Tissue-selective restriction of RNA editing of CaV1.3 by splicing factor SRSF9

• Published in: Nucleic acids research Vol. 46; no. 14; pp. 7323 - 7338
• Main Authors: Huang, Hua, Kapeli, Katannya, Jin, Wenhao, Wong, Yuk Peng, Arumugam, Thiruma Valavan, Koh, Joanne Huifen, Srimasorn, Sumitra, Mallilankaraman, Karthik, Chua, John Jia En, Yeo, Gene W, Soong, Tuck Wah
• Format: Journal Article
• Language: English
• Published: England Oxford University Press 21.08.2018
• Subjects: Adenosine Deaminase - genetics; Adenosine Deaminase - metabolism; Animals; Base Sequence; Calcium Channels, L-Type - genetics; Calcium Channels, L-Type - metabolism; Cell Line, Tumor; Cells, Cultured; Gene Expression Regulation; HEK293 Cells; Humans; Kidney - metabolism; Mice, Inbred C57BL; Organ Specificity - genetics; Rats; RNA and RNA-protein complexes; RNA Editing; RNA-Binding Proteins - genetics; RNA-Binding Proteins - metabolism; Serine-Arginine Splicing Factors - genetics; Serine-Arginine Splicing Factors - metabolism
• ISSN: 0305-1048; 1362-4962; 1362-4962
• DOI: 10.1093/nar/gky348

Abstract Adenosine DeAminases acting on RNA (ADAR) catalyzes adenosine-to-inosine (A-to-I) conversion within RNA duplex structures.
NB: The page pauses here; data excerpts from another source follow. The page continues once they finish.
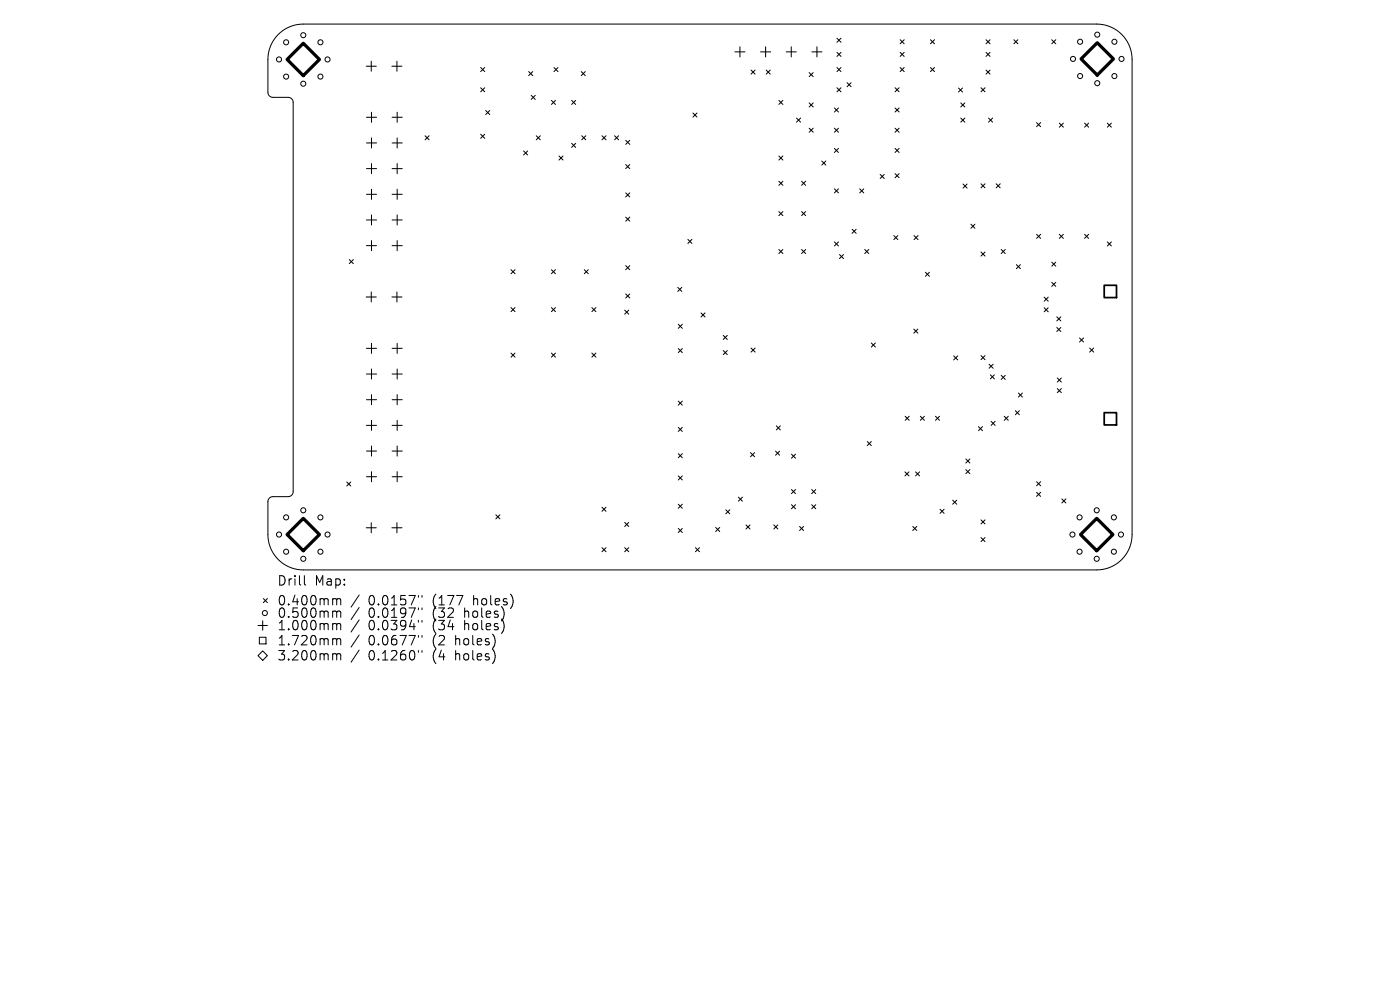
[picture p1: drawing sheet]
<svg xmlns="http://www.w3.org/2000/svg" width="297mm" height="210mm" viewBox="0 0 297 210" stroke-linecap="round" stroke-linejoin="round" font-family="sans-serif">
<defs><g id="words">
<g font-size="2.8">
<text x="58.7" y="124.5">Drill</text>
<text x="66.7" y="124.5">Map:</text>
<text x="58.7" y="128.7">0.400mm</text>
<text x="58.7" y="131.3">0.500mm</text>
<text x="78.2" y="128.7">0.0157&quot;</text>
<text x="78.2" y="131.3">0.0197&quot;</text>
<text x="91.9" y="128.7">(177</text>
<text x="91.9" y="131.3">(32</text>
<text x="98.8" y="131.3">holes)</text>
<text x="100.7" y="128.7">holes)</text>
<text x="58.7" y="134">1.000mm</text>
<text x="58.7" y="137.2">1.720mm</text>
<text x="78.2" y="134">0.0394&quot;</text>
<text x="78.2" y="137.2">0.0677&quot;</text>
<text x="91.9" y="134">(34</text>
<text x="91.9" y="137.2">(2</text>
<text x="96.9" y="137.2">holes)</text>
<text x="98.8" y="134">holes)</text>
<text x="58.7" y="140.4">3.200mm</text>
<text x="78.2" y="140.4">0.1260&quot;</text>
<text x="91.9" y="140.4">(4</text>
<text x="96.9" y="140.4">holes)</text>
</g>
</g></defs>
<g fill="none" stroke="#000" stroke-width=".21">
<path d="M59 7.3a7.5 7.5 0 0 1 5.3-2.2h168.4a7.5 7.5 0 0 1 7.5 7.5v100.8a7.5 7.5 0 0 1-7.5 7.5h-168.4a7.5 7.5 0 0 1-7.5-7.5v-7a1.07 1.07 0 0 1 1.1-1h3.2a1.07 1.07 0 0 0 1.1-1.1v-82.6a1.07 1.07 0 0 0-1.1-1h-3.2a1.07 1.07 0 0 1-1.1-1.1v-7a7.5 7.5 0 0 1 2.2-5.3zM77.7 14h2.1M78.8 13v2.1M83.1 14h2.2M84.2 13v2.1M102 14.3l.8 .9M102 18.6l.8 .9M102.8 14.3l-.8 .9M102.8 18.6l-.8 .9M112.2 15.2l.8 .8M113 15.2l-.8 .8M117.5 14.3l.9 .9"/>
<path d="M118.4 14.3l-.9 .9M123.3 15.2l.9 .8M124.2 15.2l-.9 .8M155.9 11h2.1M157 9.9v2.2M159.3 14.9l.9 .8M160.2 14.9l-.9 .8M161.3 11h2.2M162.4 9.9v2.2M162.5 14.9l.9 .8M163.4 14.9l-.9 .8M166.8 11h2.1"/>
<path d="M167.9 9.9v2.2M171.7 15.4l.8 .9M172.2 11h2.2M172.5 15.4l-.8 .9M173.3 9.9v2.2M177.6 8.1l.8 .9M177.6 11.1l.8 .9M177.6 14.3l.8 .9M177.6 18.6l.8 .9M178.4 14.3l-.8 .9M178.4 8.1l-.8 .9M178.4 11.1l-.8 .9"/>
<path d="M178.4 18.6l-.8 .9M179.7 17.5l.9 .9M180.6 17.5l-.9 .9M189.9 18.6l.8 .9M190.7 18.6l-.8 .9M191 8.4l.8 .9M191 11.1l.8 .9M191 14.3l.8 .9M191.8 8.4l-.8 .9M191.8 11.1l-.8 .9M191.8 14.3l-.8 .9M197.4 8.4l.8 .9"/>
<path d="M197.4 14.3l.8 .9M198.2 8.4l-.8 .9M198.2 14.3l-.8 .9M203.3 18.7l.9 .8M204.2 18.7l-.9 .8M208.1 18.6l.9 .9M209 18.6l-.9 .9M209.2 8.4l.8 .9M209.2 11.1l.8 .9M209.2 14.9l.8 .8M210 8.4l-.8 .9M210 11.1l-.8 .9"/>
<path d="M210 14.9l-.8 .8M215.1 8.4l.8 .9M215.9 8.4l-.8 .9M223.1 8.4l.9 .9M224 8.4l-.9 .9M77.7 24.9h2.2M77.7 30.3h2.2M77.7 35.8h2.2M78.8 23.8v2.1M78.8 29.3v2.1M78.8 34.7v2.1M83.2 24.9h2.1"/>
<path d="M83.2 30.3h2.1M83.2 35.8h2.1M84.3 23.8v2.1M84.3 29.3v2.1M84.3 34.7v2.1M90.2 28.8l.8 .9M91 28.8l-.8 .9M102 28.5l.8 .8M102.8 28.5l-.8 .8M103 23.4l.9 .9M103.9 23.4l-.9 .9M111.1 32l.8 .9"/>
<path d="M111.9 32l-.8 .9M112.7 20.2l.8 .9M113.5 20.2l-.8 .9M113.8 28.8l.8 .9M114.6 28.8l-.8 .9M117 21.3l.8 .9M117.8 21.3l-.8 .9M118.6 33.1l.8 .8M119.4 33.1l-.8 .8M121.3 21.3l.8 .9M121.3 30.4l.8 .9M122.1 21.3l-.8 .9"/>
<path d="M122.1 30.4l-.8 .9M123.4 28.8l.9 .9M124.3 28.8l-.9 .9M127.7 28.8l.9 .9M128.6 28.8l-.9 .9M130.4 28.8l.8 .9M131.2 28.8l-.8 .9M132.7 29.8l.9 .8M132.7 34.9l.9 .9M133.6 29.8l-.9 .8M133.6 34.9l-.9 .9M147 24l.9 .8"/>
<path d="M147.9 24l-.9 .8M165.2 21.3l.9 .9M165.2 33.1l.9 .8M165.2 38.5l.9 .8M166.1 33.1l-.9 .8M166.1 21.3l-.9 .9M166.1 38.5l-.9 .8M169 25l.8 .9M169.8 25l-.8 .9M170.1 38.5l.8 .8M170.9 38.5l-.8 .8M171.7 21.8l.8 .9"/>
<path d="M171.7 27.2l.8 .9M172.5 21.8l-.8 .9M172.5 27.2l-.8 .9M174.3 34.2l.9 .8M175.2 34.2l-.9 .8M177 27.2l.9 .9M177 22.9l.9 .9M177 31.5l.9 .8M177.9 31.5l-.9 .8M177.9 22.9l-.9 .9M177.9 27.2l-.9 .9M186.7 37l.9 .9"/>
<path d="M187.6 37l-.9 .9M189.9 22.9l.8 .9M189.9 27.2l.8 .9M189.9 31.5l.8 .8M189.9 36.8l.8 .9M190.7 27.2l-.8 .9M190.7 22.9l-.8 .9M190.7 31.5l-.8 .8M190.7 36.8l-.8 .9M203.8 21.8l.9 .9M203.8 25l.9 .9M204.3 39l.9 .9"/>
<path d="M204.7 21.8l-.9 .9M204.7 25l-.9 .9M205.2 39l-.9 .9M208.1 39l.9 .8M209 39l-.9 .8M209.7 25l.9 .9M210.6 25l-.9 .9M211.3 39l.9 .8M212.2 39l-.9 .8M219.9 26l.9 .9M220.8 26l-.9 .9M224.7 26.1l.9 .9"/>
<path d="M225.6 26.1l-.9 .9M230.1 26.1l.8 .9M230.9 26.1l-.8 .9M234.9 26.1l.9 .9M235.8 26.1l-.9 .9M74.1 55.1l.9 .8M75 55.1l-.9 .8M77.7 41.2h2.2M77.7 46.7h2.2M77.7 52.1h2.2M78.8 40.1v2.2M78.8 45.6v2.1"/>
<path d="M78.8 51v2.2M83.2 41.2h2.1M83.2 46.7h2.1M83.2 52.1h2.1M84.3 40.1v2.2M84.3 45.6v2.1M84.3 51v2.2M108.4 57.2l.9 .9M109.3 57.2l-.9 .9M117 57.2l.8 .9M117.8 57.2l-.8 .9M123.9 57.2l.9 .9"/>
<path d="M124.8 57.2l-.9 .9M132.7 40.9l.9 .9M132.7 46.1l.9 .8M132.7 56.4l.9 .8M133.6 40.9l-.9 .9M133.6 46.1l-.9 .8M133.6 56.4l-.9 .8M145.9 50.8l.9 .8M146.8 50.8l-.9 .8M165.2 44.9l.9 .8M165.2 52.9l.9 .9M166.1 44.9l-.9 .8"/>
<path d="M166.1 52.9l-.9 .9M170.1 44.9l.8 .8M170.1 52.9l.8 .9M170.9 44.9l-.8 .8M170.9 52.9l-.8 .9M177 40.1l.9 .8M177 51.3l.9 .9M177.9 40.1l-.9 .8M177.9 51.3l-.9 .9M178.1 54l.8 .9M178.9 54l-.8 .9M180.8 48.6l.8 .9"/>
<path d="M181.6 48.6l-.8 .9M182.4 40.1l.8 .8M183.2 40.1l-.8 .8M183.5 52.9l.8 .9M184.3 52.9l-.8 .9M189.6 50l.9 .8M190.5 50l-.9 .8M193.9 50l.9 .8M194.8 50l-.9 .8M196.3 57.7l.9 .9M197.2 57.7l-.9 .9M206 47.6l.8 .8"/>
<path d="M206.8 47.6l-.8 .8M208.1 53.5l.9 .8M209 53.5l-.9 .8M212.4 52.9l.9 .9M213.3 52.9l-.9 .9M215.6 56.1l.9 .9M216.5 56.1l-.9 .9M219.9 49.7l.9 .9M220.8 49.7l-.9 .9M223.1 55.6l.9 .9M223.1 59.9l.9 .9M224 55.6l-.9 .9"/>
<path d="M224 59.9l-.9 .9M224.7 49.7l.9 .9M225.6 49.7l-.9 .9M230.1 49.7l.8 .9M230.9 49.7l-.8 .9M234.9 51.3l.9 .9M235.8 51.3l-.9 .9M77.7 63h2.1M77.7 73.9h2.2M77.7 79.3h2.2M78.8 61.9v2.2M78.8 72.8v2.2"/>
<path d="M78.8 78.3v2.1M83.1 63h2.2M83.2 73.9h2.1M83.2 79.3h2.1M84.2 61.9v2.2M84.3 72.8v2.2M84.3 78.3v2.1M108.4 65.3l.9 .8M108.4 74.9l.9 .9M109.3 65.3l-.9 .8M109.3 74.9l-.9 .9M117 65.3l.8 .8"/>
<path d="M117 74.9l.8 .9M117.8 65.3l-.8 .8M117.8 74.9l-.8 .9M125.6 65.3l.8 .8M125.6 74.9l.8 .9M126.4 65.3l-.8 .8M126.4 74.9l-.8 .9M132.5 65.8l.9 .8M132.7 62.4l.9 .8M133.4 65.8l-.9 .8M133.6 62.4l-.9 .8M143.8 61l.8 .8"/>
<path d="M143.9 68.8l.8 .8M143.9 73.9l.8 .9M144.6 61l-.8 .8M144.7 68.8l-.8 .8M144.7 73.9l-.8 .9M148.7 66.4l.9 .8M149.6 66.4l-.9 .8M153.4 71.2l.9 .8M153.4 74.4l.9 .8M154.3 71.2l-.9 .8M154.3 74.4l-.9 .8M159.3 73.8l.9 .9"/>
<path d="M160.2 73.8l-.9 .9M184.8 72.8l.9 .8M185.7 72.8l-.9 .8M193.9 69.8l.8 .9M194.7 69.8l-.8 .9M202.3 75.5l.9 .9M203.2 75.5l-.9 .9M208.1 75.4l.9 .9M209 75.4l-.9 .9M209.8 77.3l.9 .8M210.1 79.5l.9 .9M210.7 77.3l-.9 .8"/>
<path d="M211 79.5l-.9 .9M212.4 79.6l.9 .9M213.3 79.6l-.9 .9M221.5 63l.9 .9M221.5 65.3l.9 .8M222.4 63l-.9 .9M222.4 65.3l-.9 .8M224.2 69.5l.9 .8M224.2 67.2l.9 .9M225.1 67.2l-.9 .9M225.1 69.5l-.9 .8M229 71.7l.9 .8"/>
<path d="M229.9 71.7l-.9 .8M231.2 73.8l.8 .9M232 73.8l-.8 .9M77.7 84.8h2.2M77.7 90.2h2.2M77.7 95.7h2.2M78.8 83.7v2.2M78.8 89.2v2.1M78.8 94.6v2.2M83.2 84.8h2.1M83.2 90.2h2.1M83.2 95.7h2.1"/>
<path d="M84.3 83.7v2.2M84.3 89.2v2.1M84.3 94.6v2.2M143.9 85.1l.8 .8M143.9 90.7l.8 .8M143.9 96.2l.8 .9M144.7 85.1l-.8 .8M144.7 90.7l-.8 .8M144.7 96.2l-.8 .9M159.2 96l.9 .9M160.1 96l-.9 .9M164.5 95.7l.9 .9"/>
<path d="M164.7 90.3l.8 .9M165.4 95.7l-.9 .9M165.5 90.3l-.8 .9M167.9 96.3l.9 .9M168.8 96.3l-.9 .9M184 93.7l.8 .8M184.8 93.7l-.8 .8M192 88.3l.9 .9M192.9 88.3l-.9 .9M195.2 88.3l.9 .9M196.1 88.3l-.9 .9M198.5 88.3l.8 .9"/>
<path d="M199.3 88.3l-.8 .9M204.9 97.4l.9 .8M204.9 99.6l.9 .9M205.8 97.4l-.9 .8M205.8 99.6l-.9 .9M207.6 90.5l.8 .9M208.4 90.5l-.8 .9M210.3 89.4l.8 .8M211.1 89.4l-.8 .8M213 88.3l.9 .9M213.9 88.3l-.9 .9M215.4 87.1l.9 .9"/>
<path d="M216 83.4l.9 .8M216.3 87.1l-.9 .9M216.9 83.4l-.9 .8M224.3 80.2l.9 .8M224.3 82.4l.9 .9M225.2 80.2l-.9 .8M225.2 82.4l-.9 .9M73.6 102.2l.8 .9M74.4 102.2l-.8 .9M77.7 112h2.1M77.7 101.1h2.2M78.8 110.9v2.1"/>
<path d="M78.8 100.1v2.1M83.1 112h2.2M83.2 101.1h2.1M84.2 110.9v2.1M84.3 100.1v2.1M105.2 109.2l.8 .9M106 109.2l-.8 .9M127.7 107.6l.9 .9M127.7 116.2l.9 .8M128.6 107.6l-.9 .9M128.6 116.2l-.9 .8M132.5 110.8l.9 .9"/>
<path d="M132.5 116.2l.9 .8M133.4 110.8l-.9 .9M133.4 116.2l-.9 .8M143.9 101l.8 .8M143.9 107l.8 .8M143.9 112.1l.8 .9M144.7 101l-.8 .8M144.7 107l-.8 .8M144.7 112.1l-.8 .9M147.5 116.2l.9 .8M148.4 116.2l-.9 .8M151.8 111.9l.9 .8"/>
<path d="M152.7 111.9l-.9 .8M154 108.1l.8 .9M154.8 108.1l-.8 .9M156.6 105.5l.9 .8M157.5 105.5l-.9 .8M158.3 111.4l.8 .8M159.1 111.4l-.8 .8M164.2 111.4l.8 .8M165 111.4l-.8 .8M167.9 103.9l.9 .8M167.9 107.1l.9 .8M168.8 103.9l-.9 .8"/>
<path d="M168.8 107.1l-.9 .8M169.6 111.7l.9 .8M170.5 111.7l-.9 .8M172.2 103.9l.9 .8M172.2 107.1l.9 .8M173.1 103.9l-.9 .8M173.1 107.1l-.9 .8M192 100.1l.8 .9M192.8 100.1l-.8 .9M193.6 111.7l.9 .8M194.2 100.1l.9 .9M194.5 111.7l-.9 .8"/>
<path d="M195.1 100.1l-.9 .9M199.4 108l.9 .9M200.3 108l-.9 .9M202.1 106.1l.9 .9M203 106.1l-.9 .9M208.1 110.3l.9 .8M208.1 114l.9 .9M209 110.3l-.9 .8M209 114l-.9 .9M219.9 102.2l.9 .8M219.9 104.4l.9 .9M220.8 102.2l-.9 .8"/>
<path d="M220.8 104.4l-.9 .9M225.3 105.8l.8 .9M226.1 105.8l-.8 .9M54.7 139.1l1-1 1 1-1 1zM54.7 132.7h2M55 135.2h1.4v1.4h-1.4zM55.7 131.7v2M55.9 127l.8 .8M56.7 127l-.8 .8M64.6 122.1v1.7l.3 .3M70.9 127l.4 .1 .1 .2M70.9 129.6h.2l.3 .3"/>
<path d="M70.9 132.3h.2l.3 .3M70.9 135.5l.4 .1 .1 .2M70.9 138.7h.2l.3 .3M71.4 127.3l.3-.3 .5 .1 .1 1.2M71.4 127.3v1M71.4 129.9v1.1M71.4 132.6v1M71.4 135.8v1M71.4 139v1M71.4 129.9l.3-.3 .5 .1 .1 1.3M71.4 132.6l.3-.3 .5 .1 .1 1.2M71.4 135.8l.3-.3 .5 .1 .1 1.2"/>
<path d="M71.4 139l.3-.3 .5 .1 .1 1.2M76.2 126.2l-1.7 2.6M76.2 128.9l-1.7 2.5M76.2 131.5l-1.7 2.6M76.2 134.7l-1.7 2.6M76.2 137.9l-1.7 2.6M88.8 126.3v.4M88.8 129v.3M88.8 131.6v.4M88.8 134.8v.4M88.8 138v.4M89.5 126.3v.4"/>
<path d="M89.5 129v.3M89.5 131.6v.4M89.5 134.8v.4M89.5 138v.4"/>
<circle cx="59.2" cy="12.6" r=".54"/>
<circle cx="60.7" cy="9" r=".54"/>
<circle cx="60.7" cy="16.3" r=".54"/>
<circle cx="64.3" cy="7.5" r=".54"/>
<circle cx="64.3" cy="17.8" r=".54"/>
<circle cx="68" cy="9" r=".54"/>
<circle cx="68" cy="16.3" r=".54"/>
<circle cx="69.5" cy="12.6" r=".54"/>
<circle cx="227.6" cy="12.5" r=".54"/>
<circle cx="229.1" cy="16.1" r=".54"/>
<circle cx="229.1" cy="8.9" r=".54"/>
<circle cx="232.8" cy="17.6" r=".54"/>
<circle cx="232.8" cy="7.4" r=".54"/>
<circle cx="236.4" cy="8.9" r=".54"/>
<circle cx="236.4" cy="16.1" r=".54"/>
<circle cx="237.9" cy="12.5" r=".54"/>
<circle cx="59.2" cy="113.4" r=".54"/>
<circle cx="60.7" cy="109.8" r=".54"/>
<circle cx="60.7" cy="117" r=".54"/>
<circle cx="64.3" cy="118.5" r=".54"/>
<circle cx="64.3" cy="108.2" r=".54"/>
<circle cx="68" cy="109.8" r=".54"/>
<circle cx="68" cy="117" r=".54"/>
<circle cx="69.5" cy="113.4" r=".54"/>
<circle cx="227.5" cy="113.4" r=".54"/>
<circle cx="229" cy="109.8" r=".54"/>
<circle cx="229" cy="117" r=".54"/>
<circle cx="232.7" cy="118.5" r=".54"/>
<circle cx="232.7" cy="108.2" r=".54"/>
<circle cx="236.3" cy="117" r=".54"/>
<circle cx="236.3" cy="109.8" r=".54"/>
<circle cx="237.8" cy="113.4" r=".54"/>
<circle cx="56.2" cy="130" r=".54"/>
</g>
<path d="M234.3 60.5h2.6v2.6h-2.6zM234.3 87.5h2.6v2.6h-2.6z" fill="none" stroke="#000" stroke-width=".37"/>
<path d="M60.9 12.6l3.4-3.4 3.5 3.4-3.5 3.4zM232.8 9.1l3.4 3.4-3.4 3.4-3.5-3.4zM64.3 110l3.5 3.4-3.5 3.4-3.4-3.4zM229.2 113.4l3.5-3.4 3.4 3.4-3.4 3.4z" fill="none" stroke="#000" stroke-width=".69"/>
<use href="#words"/>
</svg>

While A-to-I editing is often dynamically regulated in a spatial-temporal manner, the mechanisms underlying its tissue-selective restriction remain elusive. We have previously reported that transcripts of voltage-gated calcium channel CaV1.3 are subject to brain-selective A-to-I RNA editing by ADAR2. Here, we show that editing of CaV1.3 mRNA is dependent on a 40 bp RNA duplex formed between exon 41 and an evolutionarily conserved editing site complementary sequence (ECS) located within the preceding intron. Heterologous expression of a mouse minigene that contained the ECS, intermediate intronic sequence and exon 41 with ADAR2 yielded robust editing. Interestingly, editing of CaV1.3 was potently inhibited by serine/arginine-rich splicing factor 9 (SRSF9). Mechanistically, the inhibitory effect of SRSF9 required direct RNA interaction. Selective down-regulation of SRSF9 in neurons provides a basis for the neuron-specific editing of CaV1.3 transcripts.